Lifting 2d Human Pose to 3d : A Weakly Supervised Approach

Sandika Biswas,Sanjana Sinha,Kavya Gupta,Brojeshwar Bhowmick
DOI: https://doi.org/10.48550/arXiv.1905.01047
2019-05-03
Abstract:Estimating 3d human pose from monocular images is a challenging problem due to the variety and complexity of human poses and the inherent ambiguity in recovering depth from the single view. Recent deep learning based methods show promising results by using supervised learning on 3d pose annotated datasets. However, the lack of large-scale 3d annotated training data captured under in-the-wild settings makes the 3d pose estimation difficult for in-the-wild poses. Few approaches have utilized training images from both 3d and 2d pose datasets in a weakly-supervised manner for learning 3d poses in unconstrained settings. In this paper, we propose a method which can effectively predict 3d human pose from 2d pose using a deep neural network trained in a weakly-supervised manner on a combination of ground-truth 3d pose and ground-truth 2d pose. Our method uses re-projection error minimization as a constraint to predict the 3d locations of body joints, and this is crucial for training on data where the 3d ground-truth is not present. Since minimizing re-projection error alone may not guarantee an accurate 3d pose, we also use additional geometric constraints on skeleton pose to regularize the pose in 3d. We demonstrate the superior generalization ability of our method by cross-dataset validation on a challenging 3d benchmark dataset MPI-INF-3DHP containing in the wild 3d poses.

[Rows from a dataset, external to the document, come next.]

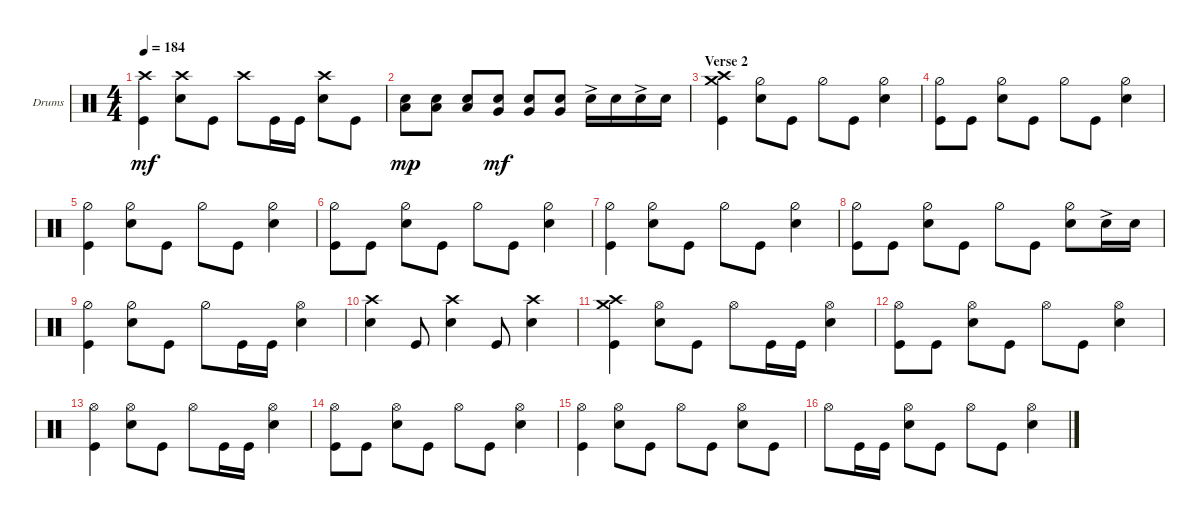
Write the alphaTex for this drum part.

\defaultSystemsLayout 4
\bracketExtendMode groupsimilarinstruments
\firstSystemTrackNameOrientation horizontal
\otherSystemsTrackNameOrientation horizontal
\track ("Drums (Phoenix)" "Drums") {instrument percussion}
\staff {score}
\articulation defaults
\ts (4 4)
\tempo 184
\clef neutral
\ks c
("Kick (hit)" "Crash high (hit)").4{dy mf} ("Snare (hit) 2" "Crash high (hit)").8 "Kick (hit)".8 "Crash high (hit)".8 "Kick (hit)".16 "Kick (hit)".16 ("Snare (hit) 2" "Crash high (hit)").8 "Kick (hit)".8 |
("Snare (hit) 2" "Low Tom (hit)").8{dy mp} ("Snare (hit) 2" "Low Tom (hit)").8 ("Snare (hit) 2" "Low Tom (hit)").8 ("Snare (hit) 2" "Very Low Tom (hit)").8{dy mf} ("Snare (hit) 2" "Very Low Tom (hit)").8 ("Snare (hit) 2" "Very Low Tom (hit)").8 "Snare (hit) 2"{ac}.16 "Snare (hit) 2".16 "Snare (hit) 2"{ac}.16 "Snare (hit) 2".16 |
\section ("" "Verse 2")
("Kick (hit)" "Crash medium (hit)" "Crash high (hit)").4 ("Snare (hit) 2" "Hi-Hat (half)").8 "Kick (hit)".8 "Hi-Hat (half)".8 "Kick (hit)".8 ("Snare (hit) 2" "Hi-Hat (half)").4 |
("Kick (hit)" "Hi-Hat (half)").8 "Kick (hit)".8 ("Snare (hit) 2" "Hi-Hat (half)").8 "Kick (hit)".8 "Hi-Hat (half)".8 "Kick (hit)".8 ("Snare (hit) 2" "Hi-Hat (half)").4 |
("Kick (hit)" "Hi-Hat (half)").4 ("Snare (hit) 2" "Hi-Hat (half)").8 "Kick (hit)".8 "Hi-Hat (half)".8 "Kick (hit)".8 ("Snare (hit) 2" "Hi-Hat (half)").4 |
("Kick (hit)" "Hi-Hat (half)").8 "Kick (hit)".8 ("Snare (hit) 2" "Hi-Hat (half)").8 "Kick (hit)".8 "Hi-Hat (half)".8 "Kick (hit)".8 ("Snare (hit) 2" "Hi-Hat (half)").4 |
("Kick (hit)" "Hi-Hat (half)").4 ("Snare (hit) 2" "Hi-Hat (half)").8 "Kick (hit)".8 "Hi-Hat (half)".8 "Kick (hit)".8 ("Snare (hit) 2" "Hi-Hat (half)").4 |
("Kick (hit)" "Hi-Hat (half)").8 "Kick (hit)".8 ("Snare (hit) 2" "Hi-Hat (half)").8 "Kick (hit)".8 "Hi-Hat (half)".8 "Kick (hit)".8 ("Snare (hit) 2" "Hi-Hat (half)").8 "Snare (hit) 2"{ac}.16 "Snare (hit) 2".16 |
("Kick (hit)" "Hi-Hat (half)").4 ("Snare (hit) 2" "Hi-Hat (half)").8 "Kick (hit)".8 "Hi-Hat (half)".8 "Kick (hit)".16 "Kick (hit)".16 ("Snare (hit) 2" "Hi-Hat (open)").4 |
("Snare (hit) 2" "Crash high (hit)").4 "Kick (hit)".8 ("Snare (hit) 2" "Crash high (hit)").4 "Kick (hit)".8 ("Snare (hit) 2" "Crash high (hit)").4 |
("Kick (hit)" "Crash medium (hit)" "Crash high (hit)").4 ("Snare (hit) 2" "Hi-Hat (open)").8 "Kick (hit)".8 "Hi-Hat (open)".8 "Kick (hit)".16 "Kick (hit)".16 ("Snare (hit) 2" "Hi-Hat (open)").4 |
("Kick (hit)" "Hi-Hat (open)").8 "Kick (hit)".8 ("Snare (hit) 2" "Hi-Hat (open)").8 "Kick (hit)".8 "Hi-Hat (open)".8 "Kick (hit)".8 ("Snare (hit) 2" "Hi-Hat (open)").4 |
("Kick (hit)" "Hi-Hat (open)").4 ("Snare (hit) 2" "Hi-Hat (open)").8 "Kick (hit)".8 "Hi-Hat (open)".8 "Kick (hit)".16 "Kick (hit)".16 ("Snare (hit) 2" "Hi-Hat (open)").4 |
("Kick (hit)" "Hi-Hat (open)").8 "Kick (hit)".8 ("Snare (hit) 2" "Hi-Hat (open)").8 "Kick (hit)".8 "Hi-Hat (open)".8 "Kick (hit)".8 ("Snare (hit) 2" "Hi-Hat (open)").4 |
("Kick (hit)" "Hi-Hat (open)").4 ("Snare (hit) 2" "Hi-Hat (open)").8 "Kick (hit)".8 "Hi-Hat (open)".8 "Kick (hit)".8 ("Snare (hit) 2" "Hi-Hat (open)").8 "Kick (hit)".8 |
"Hi-Hat (open)".8 "Kick (hit)".16 "Kick (hit)".16 ("Snare (hit) 2" "Hi-Hat (open)").8 "Kick (hit)".8 "Hi-Hat (open)".8 "Kick (hit)".8 ("Snare (hit) 2" "Hi-Hat (open)").4

Computer Vision and Pattern Recognition,Artificial Intelligence
What problem does this paper attempt to address?
The main problem that this paper attempts to solve is: how to estimate accurate 3D human poses from monocular images in the absence of large - scale 3D pose - annotated data. Specifically, the authors propose a weakly - supervised method. By combining 2D pose datasets and limited 3D pose datasets to train a deep neural network, effective prediction from 2D poses to 3D poses can be achieved. This method pays special attention to improving the generalization ability for in - the - wild poses, that is, it can accurately predict 3D poses in complex and variable real - world scenarios as well. The key points in the paper include: - **Problem Background**: Estimating 3D human poses from monocular images is a challenging problem because it involves the inherent ambiguity of recovering depth information from a single view. Although existing deep - learning - based methods perform well when there is a large amount of 3D - annotated data, they often have poor performance when dealing with in - the - wild poses. - **Solution**: The authors propose a weakly - supervised learning method, which is trained using a combination of 2D pose datasets and 3D pose datasets. The network structure includes two main modules: the 2D - to - 3D pose regression module and the 3D - to - 2D pose reprojection module. The 2D - to - 3D pose regression module is responsible for predicting 3D poses from the given 2D poses, while the 3D - to - 2D pose reprojection module ensures that the predicted 3D poses can be correctly re - projected back to the input 2D poses by minimizing the reprojection error. - **Innovation**: This method can not only train the network without 3D ground truth, but also introduces geometric constraints (such as bone - length symmetry loss) to further limit the solution space and ensure that the predicted 3D poses are physically reasonable. - **Experimental Verification**: The authors conducted experiments on multiple benchmark datasets, including Human3.6M, MPII, and MPI - INF - 3DHP. The results show that this method is superior to existing methods in terms of generalization ability and prediction accuracy. Through these designs, this paper effectively solves the key problem of how to improve the generalization ability of 3D pose - estimation models for in - the - wild poses in the absence of large - scale 3D - annotated data.